Check the listing below for lines that hold "pixels". How many are there? Please give only the number.

+ + + + + + +

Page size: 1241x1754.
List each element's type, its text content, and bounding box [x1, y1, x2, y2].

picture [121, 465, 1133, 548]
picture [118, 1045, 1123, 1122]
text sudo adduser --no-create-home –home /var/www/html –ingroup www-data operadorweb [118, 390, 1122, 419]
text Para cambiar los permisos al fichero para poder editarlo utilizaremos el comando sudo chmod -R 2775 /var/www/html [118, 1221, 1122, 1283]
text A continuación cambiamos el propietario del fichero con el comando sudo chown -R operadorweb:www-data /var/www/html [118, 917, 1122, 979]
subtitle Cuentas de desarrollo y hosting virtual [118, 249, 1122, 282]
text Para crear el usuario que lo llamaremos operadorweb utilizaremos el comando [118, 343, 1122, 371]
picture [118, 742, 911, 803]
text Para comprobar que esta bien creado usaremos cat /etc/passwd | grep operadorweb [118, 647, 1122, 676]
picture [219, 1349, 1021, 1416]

+ + + + + + +

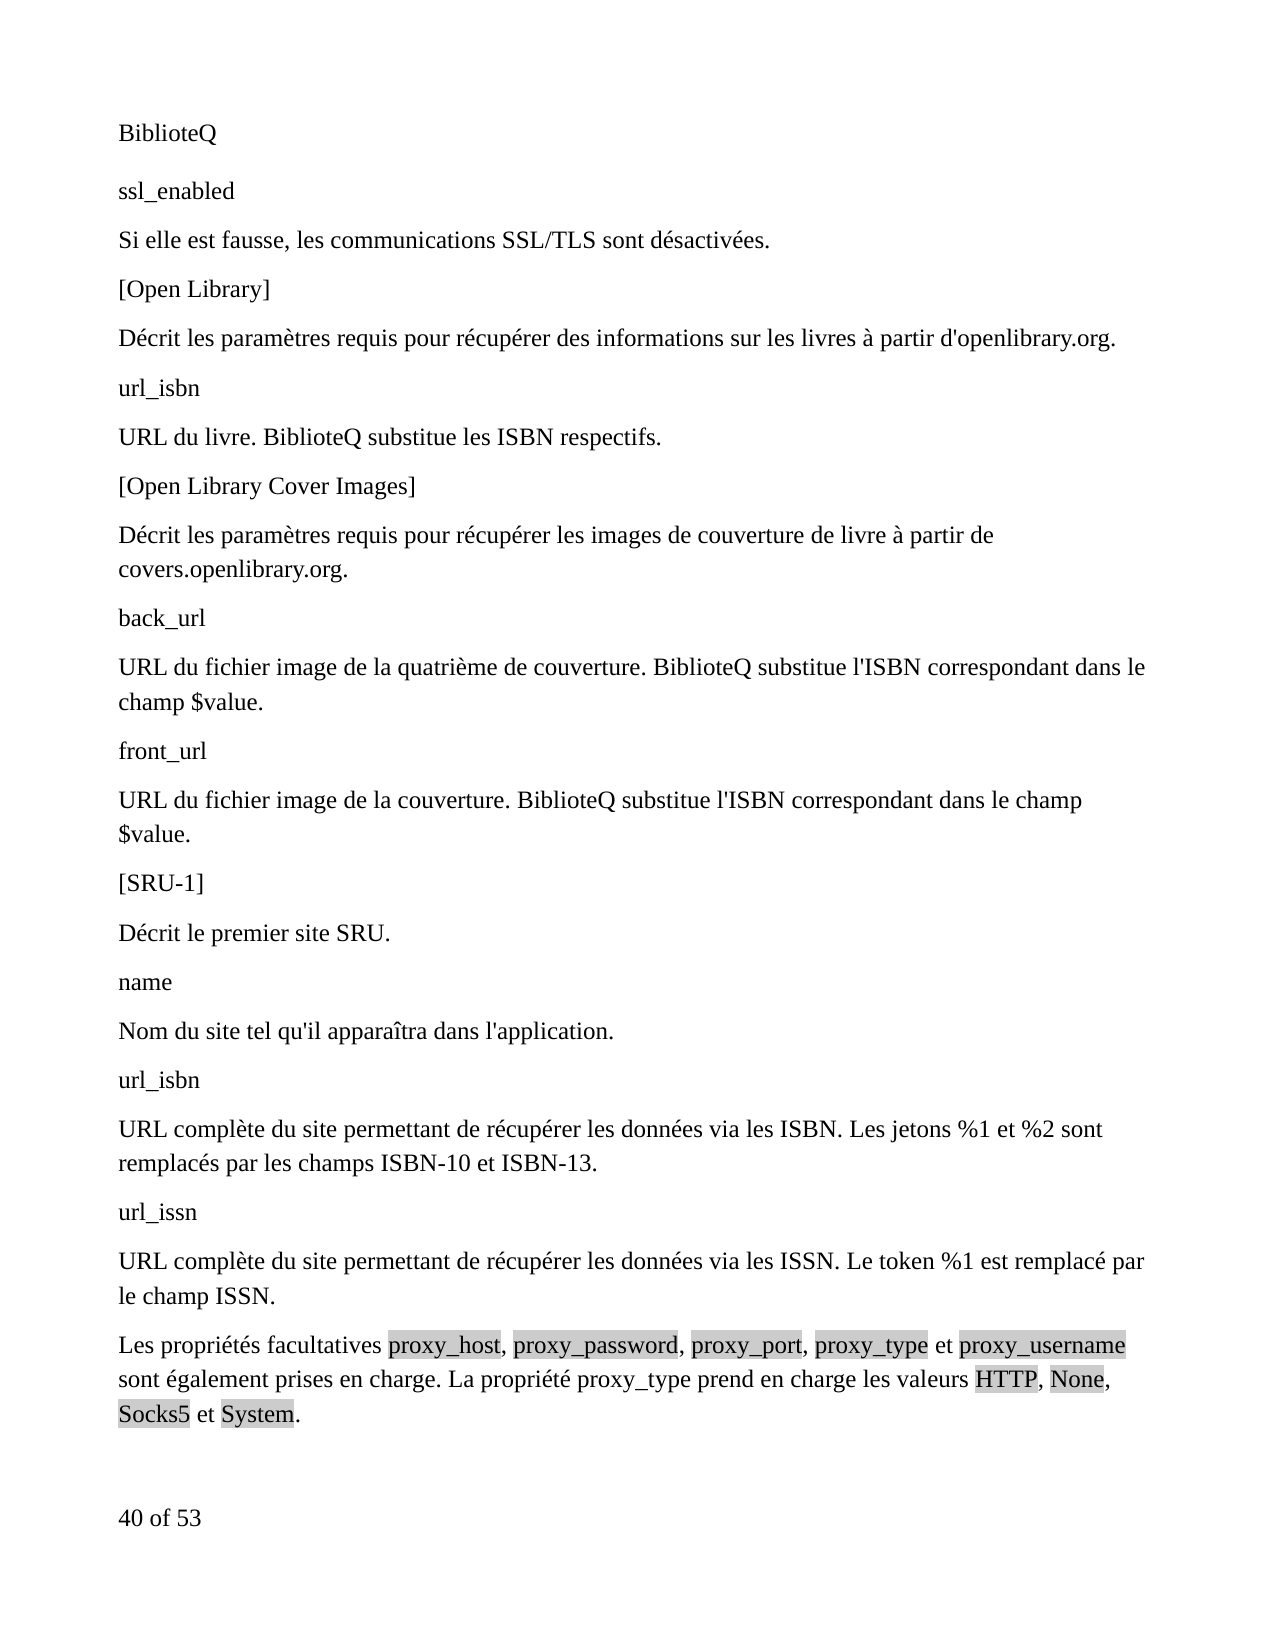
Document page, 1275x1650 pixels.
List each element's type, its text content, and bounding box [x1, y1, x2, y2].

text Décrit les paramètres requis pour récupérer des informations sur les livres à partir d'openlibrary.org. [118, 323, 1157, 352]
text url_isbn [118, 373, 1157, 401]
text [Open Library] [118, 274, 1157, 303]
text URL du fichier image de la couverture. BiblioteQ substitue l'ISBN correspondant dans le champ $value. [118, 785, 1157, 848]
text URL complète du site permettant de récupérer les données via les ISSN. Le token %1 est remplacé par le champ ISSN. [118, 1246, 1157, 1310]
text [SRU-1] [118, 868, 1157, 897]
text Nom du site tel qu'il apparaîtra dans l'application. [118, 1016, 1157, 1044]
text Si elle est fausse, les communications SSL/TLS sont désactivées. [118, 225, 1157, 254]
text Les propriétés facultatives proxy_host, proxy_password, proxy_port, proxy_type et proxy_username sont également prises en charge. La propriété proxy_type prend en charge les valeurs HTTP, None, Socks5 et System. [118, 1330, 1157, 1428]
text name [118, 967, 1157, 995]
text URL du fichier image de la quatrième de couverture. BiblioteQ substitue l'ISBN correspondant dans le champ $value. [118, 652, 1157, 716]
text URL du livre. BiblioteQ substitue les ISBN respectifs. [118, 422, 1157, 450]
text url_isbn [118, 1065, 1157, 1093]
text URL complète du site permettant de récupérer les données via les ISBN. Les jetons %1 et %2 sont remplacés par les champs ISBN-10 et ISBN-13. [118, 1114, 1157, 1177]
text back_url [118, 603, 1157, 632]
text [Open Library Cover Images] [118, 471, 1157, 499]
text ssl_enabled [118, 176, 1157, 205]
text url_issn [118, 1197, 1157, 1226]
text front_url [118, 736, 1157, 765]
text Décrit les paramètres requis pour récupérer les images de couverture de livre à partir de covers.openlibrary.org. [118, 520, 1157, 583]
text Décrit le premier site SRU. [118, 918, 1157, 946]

+ + + + + + +

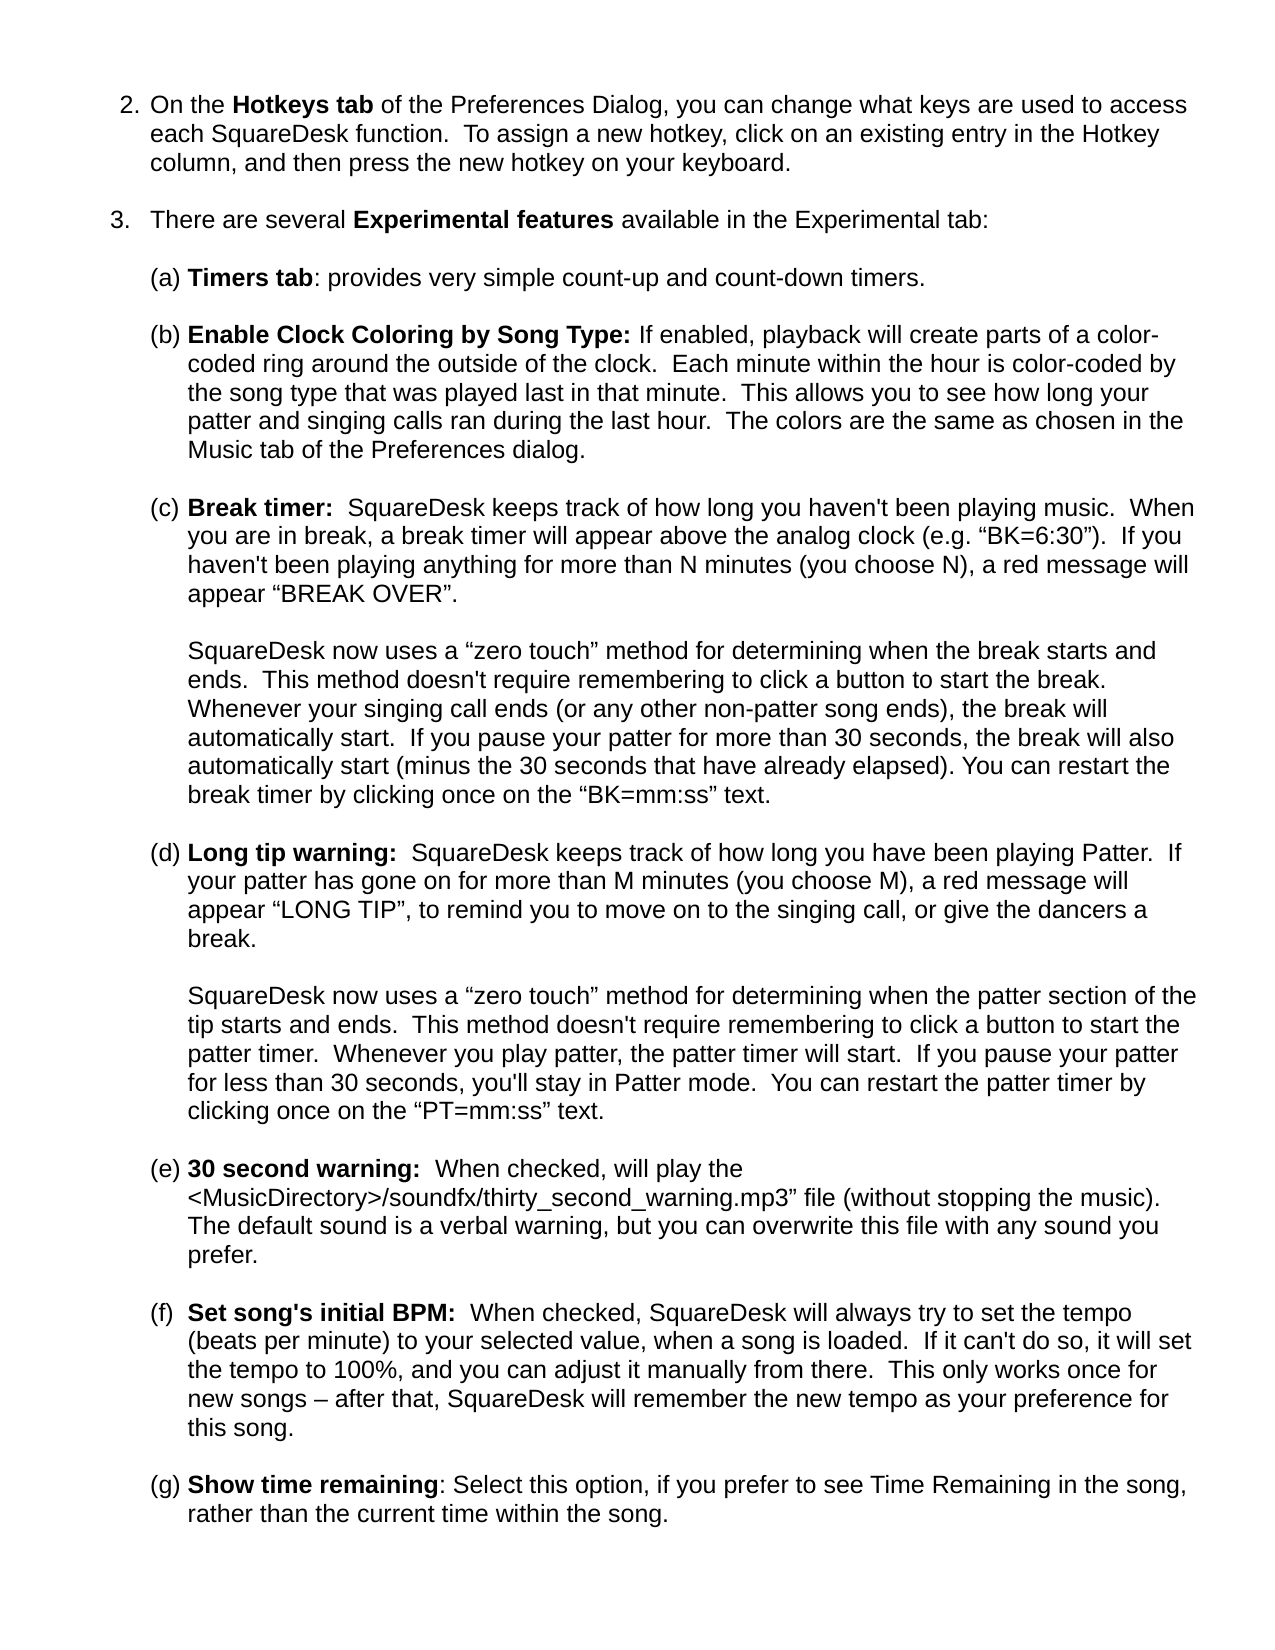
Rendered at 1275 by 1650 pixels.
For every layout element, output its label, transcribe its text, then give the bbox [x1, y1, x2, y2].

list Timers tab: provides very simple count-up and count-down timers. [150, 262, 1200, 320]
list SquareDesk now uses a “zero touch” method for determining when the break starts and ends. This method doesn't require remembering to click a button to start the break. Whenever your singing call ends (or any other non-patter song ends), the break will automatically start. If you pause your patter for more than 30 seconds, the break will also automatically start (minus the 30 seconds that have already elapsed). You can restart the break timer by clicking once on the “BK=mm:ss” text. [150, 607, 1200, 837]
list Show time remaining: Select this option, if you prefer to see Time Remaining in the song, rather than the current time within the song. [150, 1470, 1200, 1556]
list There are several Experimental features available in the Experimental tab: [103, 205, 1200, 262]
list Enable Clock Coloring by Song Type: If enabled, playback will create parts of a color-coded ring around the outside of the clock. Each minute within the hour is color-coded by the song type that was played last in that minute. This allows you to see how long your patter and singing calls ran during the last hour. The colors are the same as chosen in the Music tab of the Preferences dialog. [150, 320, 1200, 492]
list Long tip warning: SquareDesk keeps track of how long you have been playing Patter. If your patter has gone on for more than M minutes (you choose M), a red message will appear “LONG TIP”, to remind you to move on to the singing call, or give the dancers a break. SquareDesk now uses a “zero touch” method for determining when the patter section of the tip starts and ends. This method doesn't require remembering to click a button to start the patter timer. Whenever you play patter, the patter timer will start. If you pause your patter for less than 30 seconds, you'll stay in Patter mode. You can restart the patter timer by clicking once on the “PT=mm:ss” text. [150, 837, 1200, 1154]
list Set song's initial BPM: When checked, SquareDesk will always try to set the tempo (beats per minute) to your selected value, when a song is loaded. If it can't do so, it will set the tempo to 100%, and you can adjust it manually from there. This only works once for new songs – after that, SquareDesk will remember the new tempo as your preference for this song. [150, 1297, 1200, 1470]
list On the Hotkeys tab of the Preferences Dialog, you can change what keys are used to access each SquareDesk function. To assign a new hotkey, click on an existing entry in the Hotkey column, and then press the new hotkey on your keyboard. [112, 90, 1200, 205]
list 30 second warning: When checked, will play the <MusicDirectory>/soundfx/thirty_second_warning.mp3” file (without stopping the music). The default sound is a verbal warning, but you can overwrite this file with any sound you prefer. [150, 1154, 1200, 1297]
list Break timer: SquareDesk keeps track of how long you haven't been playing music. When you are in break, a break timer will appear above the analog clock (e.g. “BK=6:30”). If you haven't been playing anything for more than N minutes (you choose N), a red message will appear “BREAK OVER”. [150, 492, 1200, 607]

+ + + + + + +

**Task output**
2